Verified answer

r' = integral r'' dt = integral (0,0,-g) dt = (A,B, -gt + C)

A, B, C = constants

r'(0) = (a,b,c) = (A,B,-g(0) + C)

a = A

b = B

c = C

so r'(t) = (a,b,-gt + c)

r = integral{ r' dt} = integral (a,b,-gt + c) dt

= (at + A', bt + B', -gt^2 / 2 + ct + C')

where A', B', C' are constants

r(0) = (0,0,0) = (A', B', C')

A' = 0

B' = 0

C' = 0

so

r(t) = (at, bt, -gt^2 / 2 + ct).........[Ans.]

which is exactly what you would suspect. The projectile starts out with velocity in the x and y directions of (a,b), at a time t later, the projectile has traveled at, and bt in the x and y directions, respectively (i.e. distance = velocity * time).

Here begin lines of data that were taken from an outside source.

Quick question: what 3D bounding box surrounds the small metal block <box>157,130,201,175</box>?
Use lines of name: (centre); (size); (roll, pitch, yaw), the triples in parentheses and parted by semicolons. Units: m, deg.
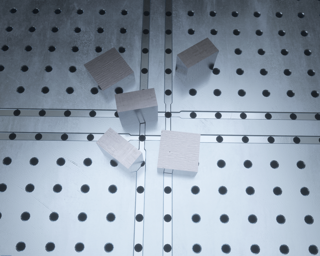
small metal block: (0.024, 0.032, 0.400); (0.050, 0.025, 0.050); (6, 70, 2)

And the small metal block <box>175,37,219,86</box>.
small metal block: (0.050, -0.091, 0.432); (0.050, 0.050, 0.025); (-32, 74, -11)

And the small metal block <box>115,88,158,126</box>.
small metal block: (-0.030, -0.026, 0.408); (0.050, 0.050, 0.025); (-10, 71, -4)

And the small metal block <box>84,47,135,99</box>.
small metal block: (-0.071, -0.078, 0.439); (0.050, 0.025, 0.050); (-34, 74, -12)

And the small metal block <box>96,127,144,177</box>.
small metal block: (-0.048, 0.031, 0.386); (0.050, 0.050, 0.025); (37, 74, 12)
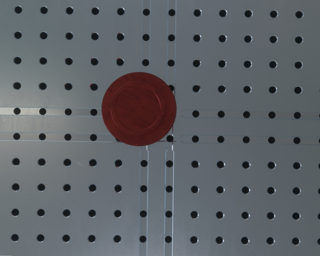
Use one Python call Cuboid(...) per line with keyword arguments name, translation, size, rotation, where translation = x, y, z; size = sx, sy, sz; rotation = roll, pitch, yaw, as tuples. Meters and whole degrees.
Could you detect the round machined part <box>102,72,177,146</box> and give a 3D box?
Cuboid(name="round machined part", translation=(-0.027, -0.025, 0.405), size=(0.099, 0.042, 0.097), rotation=(0, 90, 0))
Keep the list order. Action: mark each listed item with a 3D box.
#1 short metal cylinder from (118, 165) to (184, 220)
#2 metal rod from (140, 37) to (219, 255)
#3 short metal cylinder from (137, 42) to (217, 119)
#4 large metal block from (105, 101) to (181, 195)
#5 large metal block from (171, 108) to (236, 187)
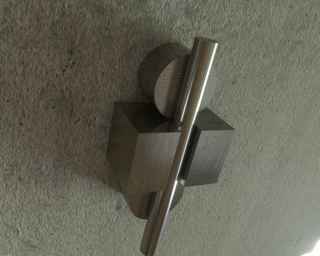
[{"bbox_3d":[-0.013,0.081,0.436,0.081,0.050,0.079,-14,124,-21],"label":"short metal cylinder"},{"bbox_3d":[0.016,0.041,0.377,0.025,0.025,0.298,-1,119,-28],"label":"metal rod"},{"bbox_3d":[0.020,-0.056,0.368,0.081,0.050,0.079,-14,124,-21],"label":"short metal cylinder"},{"bbox_3d":[-0.024,0.021,0.372,0.050,0.080,0.079,-1,119,-28],"label":"large metal block"},{"bbox_3d":[0.044,0.019,0.408,0.050,0.080,0.079,-1,119,-28],"label":"large metal block"}]

In the x and y directions there is no acceleration (no change in speed), so we just have them constantly moving at their given rates of a and b.

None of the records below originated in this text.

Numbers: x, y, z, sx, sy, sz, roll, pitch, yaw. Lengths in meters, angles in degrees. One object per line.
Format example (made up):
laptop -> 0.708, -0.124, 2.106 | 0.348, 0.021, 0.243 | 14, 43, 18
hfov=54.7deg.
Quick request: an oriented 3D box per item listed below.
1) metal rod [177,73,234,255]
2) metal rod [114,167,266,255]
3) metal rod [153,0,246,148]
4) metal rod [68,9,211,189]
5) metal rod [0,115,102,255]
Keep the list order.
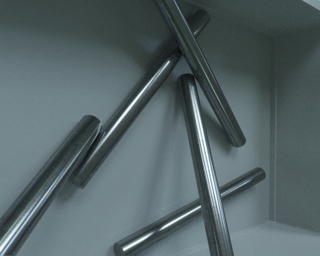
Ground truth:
metal rod -> 0.056, 0.062, 0.372 | 0.025, 0.025, 0.299 | 16, 54, -39
metal rod -> 0.065, 0.115, 0.461 | 0.302, 0.025, 0.025 | -16, 101, -39
metal rod -> 0.060, -0.075, 0.430 | 0.025, 0.025, 0.300 | -56, 130, -25
metal rod -> -0.014, -0.053, 0.394 | 0.025, 0.025, 0.301 | 50, 61, -29
metal rod -> -0.110, 0.079, 0.225 | 0.025, 0.025, 0.301 | 59, 29, -24

In the z direction we have r = -gt^2 / 2 + ct, which is the usual constant acceleration equation for a projectile that starts at an initial position of zero, which it does.

To find when its speed is minimized, notice r' = velocity

| r' | = speed = sqrt{a^2 + b^2 + (c - gt)^2}

minimize speed by seeking d|r'| / dt = 0

d|r'| / dt = (1/2){a^2 + b^2 + (c - gt)^2}^{-1/2} { 2 (c - gt)(-g) } = 0

This amounts to the numerator vanishing

c - gt = 0

---> t = c / g .....................[Ans.]

is when the speed is minimized

Minimizing the speed |r'(t)| also minimizes the square of the speed |r'(t)|²

r'(t) = r'(0) + ∫[0,t] r"(t) dt = (a, b, c) + (0, 0, -gt)

r'(t) = (a, b, c-gt)

|r'(t)|² = a² + b² + (c - gt)²

This is clearly minimized when c=gt or t = c/g

For the trajectory, integrate:

r(t) = r(0) + ∫[0,t] r'(t) dt = (0, 0, 0) + (at, bt, ct - gt²/2)

r(t) = (a,b,c)t - (0, 0, g/2)t²